— Records from a data source —
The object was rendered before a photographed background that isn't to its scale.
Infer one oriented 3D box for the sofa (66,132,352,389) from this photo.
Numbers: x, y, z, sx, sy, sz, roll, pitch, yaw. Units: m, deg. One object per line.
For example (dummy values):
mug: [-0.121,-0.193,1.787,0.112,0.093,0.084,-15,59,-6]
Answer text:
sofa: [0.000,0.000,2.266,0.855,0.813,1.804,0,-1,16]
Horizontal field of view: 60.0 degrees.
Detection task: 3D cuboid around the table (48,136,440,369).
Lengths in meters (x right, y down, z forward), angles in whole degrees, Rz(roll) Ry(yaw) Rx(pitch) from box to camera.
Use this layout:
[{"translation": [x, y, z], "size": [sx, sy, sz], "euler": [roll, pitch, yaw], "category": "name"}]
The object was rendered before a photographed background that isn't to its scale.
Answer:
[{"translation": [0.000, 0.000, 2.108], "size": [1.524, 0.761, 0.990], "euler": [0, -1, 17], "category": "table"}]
==
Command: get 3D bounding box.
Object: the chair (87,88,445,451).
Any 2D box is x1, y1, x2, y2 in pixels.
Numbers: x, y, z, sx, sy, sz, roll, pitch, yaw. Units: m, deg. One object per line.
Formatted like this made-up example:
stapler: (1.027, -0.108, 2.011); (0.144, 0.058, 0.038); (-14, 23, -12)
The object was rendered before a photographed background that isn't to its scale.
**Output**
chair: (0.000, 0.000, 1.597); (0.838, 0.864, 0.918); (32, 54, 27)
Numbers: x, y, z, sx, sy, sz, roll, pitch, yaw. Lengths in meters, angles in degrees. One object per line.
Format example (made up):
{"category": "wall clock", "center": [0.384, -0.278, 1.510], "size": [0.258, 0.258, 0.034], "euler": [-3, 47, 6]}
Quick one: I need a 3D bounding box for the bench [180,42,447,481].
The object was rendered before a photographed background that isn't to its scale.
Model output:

— Goal of the exercise —
Copy all lines from the data that hold the word "degrees".

— Response area —
Horizontal field of view: 60.0 degrees.
Lengths in meters (x right, y down, z forward), angles in whole degrees, Rz(roll) Ry(yaw) Rx(pitch) from box to camera.
Numbers: x, y, z, sx, sy, sz, roll, pitch, yaw. Lengths in meters, angles in degrees. One object per line.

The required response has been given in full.